Wednesday, August 30, 2006

150 ft Seaskape, Largiebeg

Bruce McLean designed the café-bar at the newly refurbished Arnolfini gallery in Bristol. It is bright and colourful, like his paintings and prints. Not really my cup of tea (although the coffee they serve is good!) It seems a far cry from the late sixties when McLean was dabbling in a kind of land art. For 150 ft Seaskape, Largiebeg (1969) he laid a huge sheet of sensitised paper on the shore hoping for an indexical print of the landscape, but it floated out to sea. Another piece, 2 Rock and Shoreskapes, Largieberg (1969) required only 33 ft of white paper, laid on a rocky shore and covered with watercolour paint, leaving the landscape to tear and stain its presence onto the work.

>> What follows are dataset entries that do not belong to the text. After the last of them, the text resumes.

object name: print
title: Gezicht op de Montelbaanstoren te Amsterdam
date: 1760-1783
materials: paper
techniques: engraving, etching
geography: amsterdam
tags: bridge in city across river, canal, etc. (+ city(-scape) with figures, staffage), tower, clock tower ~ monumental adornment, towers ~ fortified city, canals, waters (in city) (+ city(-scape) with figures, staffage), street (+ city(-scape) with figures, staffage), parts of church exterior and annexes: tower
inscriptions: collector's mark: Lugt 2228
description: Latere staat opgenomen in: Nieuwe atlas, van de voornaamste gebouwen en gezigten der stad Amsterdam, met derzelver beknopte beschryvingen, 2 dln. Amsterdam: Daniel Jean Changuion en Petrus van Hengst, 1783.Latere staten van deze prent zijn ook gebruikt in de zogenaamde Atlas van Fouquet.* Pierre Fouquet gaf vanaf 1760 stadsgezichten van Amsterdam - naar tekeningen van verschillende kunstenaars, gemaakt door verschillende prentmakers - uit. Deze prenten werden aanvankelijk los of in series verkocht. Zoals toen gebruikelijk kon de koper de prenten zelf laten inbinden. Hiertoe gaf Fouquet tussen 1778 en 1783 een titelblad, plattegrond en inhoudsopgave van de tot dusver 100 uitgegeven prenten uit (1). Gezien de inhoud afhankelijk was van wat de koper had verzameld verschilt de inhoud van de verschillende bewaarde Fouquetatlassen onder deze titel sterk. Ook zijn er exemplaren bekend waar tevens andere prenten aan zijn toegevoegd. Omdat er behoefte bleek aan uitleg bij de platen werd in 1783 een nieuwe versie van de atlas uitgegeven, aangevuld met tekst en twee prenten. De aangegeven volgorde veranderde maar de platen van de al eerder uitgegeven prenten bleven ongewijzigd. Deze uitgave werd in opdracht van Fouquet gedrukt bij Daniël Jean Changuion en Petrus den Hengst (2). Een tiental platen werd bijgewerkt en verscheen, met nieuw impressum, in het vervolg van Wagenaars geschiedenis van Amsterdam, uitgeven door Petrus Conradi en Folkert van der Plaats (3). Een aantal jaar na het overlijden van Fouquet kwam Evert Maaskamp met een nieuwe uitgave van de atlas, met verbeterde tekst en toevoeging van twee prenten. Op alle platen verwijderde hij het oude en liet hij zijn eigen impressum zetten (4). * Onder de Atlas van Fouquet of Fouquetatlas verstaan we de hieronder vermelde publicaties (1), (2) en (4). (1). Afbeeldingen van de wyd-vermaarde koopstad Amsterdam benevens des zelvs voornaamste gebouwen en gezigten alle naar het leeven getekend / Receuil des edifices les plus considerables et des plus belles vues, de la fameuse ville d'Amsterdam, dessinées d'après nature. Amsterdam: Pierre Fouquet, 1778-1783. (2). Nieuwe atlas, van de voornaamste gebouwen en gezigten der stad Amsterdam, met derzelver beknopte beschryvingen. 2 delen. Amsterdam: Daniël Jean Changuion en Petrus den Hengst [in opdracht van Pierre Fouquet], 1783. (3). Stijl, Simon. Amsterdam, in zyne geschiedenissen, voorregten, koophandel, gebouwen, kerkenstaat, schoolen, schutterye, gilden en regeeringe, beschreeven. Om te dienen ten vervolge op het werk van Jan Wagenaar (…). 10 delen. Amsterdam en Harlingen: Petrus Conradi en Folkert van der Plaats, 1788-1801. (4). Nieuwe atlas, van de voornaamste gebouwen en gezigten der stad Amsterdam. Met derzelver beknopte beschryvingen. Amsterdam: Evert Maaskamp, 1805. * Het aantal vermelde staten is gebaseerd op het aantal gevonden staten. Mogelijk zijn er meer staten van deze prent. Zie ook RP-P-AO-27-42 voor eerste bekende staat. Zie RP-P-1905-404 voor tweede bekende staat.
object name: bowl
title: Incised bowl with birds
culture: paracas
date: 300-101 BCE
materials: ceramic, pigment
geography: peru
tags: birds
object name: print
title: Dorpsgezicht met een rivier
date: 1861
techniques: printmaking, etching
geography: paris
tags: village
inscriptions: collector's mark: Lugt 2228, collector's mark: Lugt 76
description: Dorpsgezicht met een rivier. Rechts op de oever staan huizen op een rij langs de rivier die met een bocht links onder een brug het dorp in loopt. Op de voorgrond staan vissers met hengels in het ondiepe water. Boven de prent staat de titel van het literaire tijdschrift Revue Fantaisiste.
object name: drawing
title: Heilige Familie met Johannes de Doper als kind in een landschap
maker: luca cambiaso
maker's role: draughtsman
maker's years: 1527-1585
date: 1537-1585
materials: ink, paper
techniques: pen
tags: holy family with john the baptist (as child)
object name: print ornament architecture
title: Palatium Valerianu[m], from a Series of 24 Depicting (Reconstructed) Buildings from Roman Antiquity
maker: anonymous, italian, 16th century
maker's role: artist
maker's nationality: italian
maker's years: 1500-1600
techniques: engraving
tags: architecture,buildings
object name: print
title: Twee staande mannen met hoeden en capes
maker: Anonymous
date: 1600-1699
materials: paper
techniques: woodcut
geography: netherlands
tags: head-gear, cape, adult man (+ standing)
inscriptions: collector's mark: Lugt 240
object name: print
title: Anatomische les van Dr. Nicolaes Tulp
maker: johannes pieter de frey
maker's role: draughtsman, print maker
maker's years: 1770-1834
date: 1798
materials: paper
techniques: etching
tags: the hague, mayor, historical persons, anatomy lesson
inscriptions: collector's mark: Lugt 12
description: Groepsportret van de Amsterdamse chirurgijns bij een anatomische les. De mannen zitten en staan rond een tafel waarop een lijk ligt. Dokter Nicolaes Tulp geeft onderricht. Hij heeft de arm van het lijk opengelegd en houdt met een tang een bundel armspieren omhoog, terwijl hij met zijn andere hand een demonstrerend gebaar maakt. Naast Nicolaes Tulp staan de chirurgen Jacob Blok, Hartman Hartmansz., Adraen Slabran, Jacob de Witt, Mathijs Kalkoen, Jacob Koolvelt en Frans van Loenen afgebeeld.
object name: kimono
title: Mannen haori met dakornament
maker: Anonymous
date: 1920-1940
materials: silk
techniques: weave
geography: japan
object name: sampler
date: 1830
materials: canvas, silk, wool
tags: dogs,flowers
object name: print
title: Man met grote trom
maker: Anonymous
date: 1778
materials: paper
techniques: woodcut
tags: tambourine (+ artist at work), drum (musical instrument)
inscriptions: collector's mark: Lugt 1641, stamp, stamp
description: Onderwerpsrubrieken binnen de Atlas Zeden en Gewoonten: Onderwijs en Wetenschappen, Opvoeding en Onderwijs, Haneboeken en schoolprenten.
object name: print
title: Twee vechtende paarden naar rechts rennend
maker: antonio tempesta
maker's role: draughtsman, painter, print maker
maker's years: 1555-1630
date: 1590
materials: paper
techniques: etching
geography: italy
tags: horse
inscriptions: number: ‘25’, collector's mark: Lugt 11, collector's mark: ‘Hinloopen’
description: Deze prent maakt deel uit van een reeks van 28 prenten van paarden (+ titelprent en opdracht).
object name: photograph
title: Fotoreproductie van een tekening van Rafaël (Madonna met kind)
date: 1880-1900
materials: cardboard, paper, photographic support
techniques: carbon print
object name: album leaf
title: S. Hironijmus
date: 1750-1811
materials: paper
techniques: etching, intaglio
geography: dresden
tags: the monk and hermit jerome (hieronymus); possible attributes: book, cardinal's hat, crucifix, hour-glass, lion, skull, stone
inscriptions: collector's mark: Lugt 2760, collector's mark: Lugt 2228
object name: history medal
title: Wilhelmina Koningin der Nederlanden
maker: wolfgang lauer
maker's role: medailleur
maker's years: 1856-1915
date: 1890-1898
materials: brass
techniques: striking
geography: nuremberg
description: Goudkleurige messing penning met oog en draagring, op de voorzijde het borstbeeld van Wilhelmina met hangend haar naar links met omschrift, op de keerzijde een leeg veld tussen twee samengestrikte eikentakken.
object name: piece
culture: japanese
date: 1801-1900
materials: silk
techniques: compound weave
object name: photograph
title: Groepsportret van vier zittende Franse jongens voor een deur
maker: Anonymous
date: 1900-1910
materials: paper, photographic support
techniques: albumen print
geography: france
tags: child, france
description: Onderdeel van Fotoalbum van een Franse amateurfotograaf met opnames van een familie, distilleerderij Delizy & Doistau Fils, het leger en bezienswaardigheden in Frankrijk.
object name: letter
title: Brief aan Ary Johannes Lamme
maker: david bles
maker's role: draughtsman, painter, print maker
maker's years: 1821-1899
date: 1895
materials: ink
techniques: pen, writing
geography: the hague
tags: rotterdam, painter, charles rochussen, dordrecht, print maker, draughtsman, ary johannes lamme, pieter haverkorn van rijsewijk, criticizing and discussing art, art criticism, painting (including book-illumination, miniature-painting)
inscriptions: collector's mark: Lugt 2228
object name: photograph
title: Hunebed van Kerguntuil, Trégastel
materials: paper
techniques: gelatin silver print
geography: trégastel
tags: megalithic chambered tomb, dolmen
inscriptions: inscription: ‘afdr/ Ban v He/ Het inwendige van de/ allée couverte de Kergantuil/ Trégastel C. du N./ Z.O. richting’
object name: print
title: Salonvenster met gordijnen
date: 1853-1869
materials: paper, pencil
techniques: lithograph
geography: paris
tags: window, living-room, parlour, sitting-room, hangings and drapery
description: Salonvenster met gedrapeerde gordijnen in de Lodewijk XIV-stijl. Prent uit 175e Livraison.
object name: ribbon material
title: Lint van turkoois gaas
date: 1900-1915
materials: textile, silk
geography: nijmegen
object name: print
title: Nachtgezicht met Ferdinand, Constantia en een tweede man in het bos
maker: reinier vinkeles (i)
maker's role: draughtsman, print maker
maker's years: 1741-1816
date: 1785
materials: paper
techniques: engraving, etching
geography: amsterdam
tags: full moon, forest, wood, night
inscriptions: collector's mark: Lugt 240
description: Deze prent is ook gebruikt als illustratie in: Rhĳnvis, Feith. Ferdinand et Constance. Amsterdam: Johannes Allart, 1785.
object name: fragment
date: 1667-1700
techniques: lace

The Arnolfini is one of the sites in Bristol currently hosting the sixth British Art Show. One of the works on show at the Bristol City Museum and Art Gallery, created by Juneau/Projects/, seems to update McLean’s attempts to record the landscape directly: a scanner was pulled along the ground and the resulting images pinned to the gallery wall. However, it is clear from the artists’ installation that the intention here was not simply to facilitate a work of landscape art in which nature is the creator. Their focus is on technology (other works involve microphones, walkmans etc.), the idea being to take them outside and let natural forces demolish them. The British Art Show notes explain that ‘in good morning captain (2004) a scanner is dragged along a forest floor, documenting its own destruction with a series of blurred scans.’
 
Nevertheless, artists will no doubt continue to seek ways to allow landscape itself to create or adapt their work: kinetic sculpture, sound art or variations on photography (“the pencil of nature”). Outside the art world, simple indexical signs like weather vanes and sun dials let nature signify something (time, wind direction), whilst the landscape itself is full of natural signs that can be read by animals. However, as we know from modernism, art need not point in this way to something specific; signs that give a general sense of an actual landscape may turn out to be more interesting.